-------- Record excerpts --------
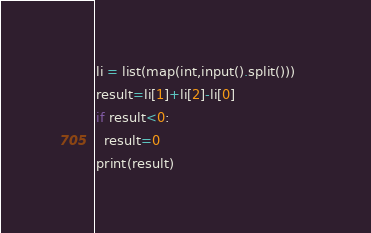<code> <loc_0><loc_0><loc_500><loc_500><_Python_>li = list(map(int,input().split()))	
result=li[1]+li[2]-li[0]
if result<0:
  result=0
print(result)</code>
--------
Exercise: Return all the lines above exactly; none of the pictures should appear.

Response to the task:
<code> <loc_0><loc_0><loc_500><loc_500><_Python_>li = list(map(int,input().split()))	
result=li[1]+li[2]-li[0]
if result<0:
  result=0
print(result)</code>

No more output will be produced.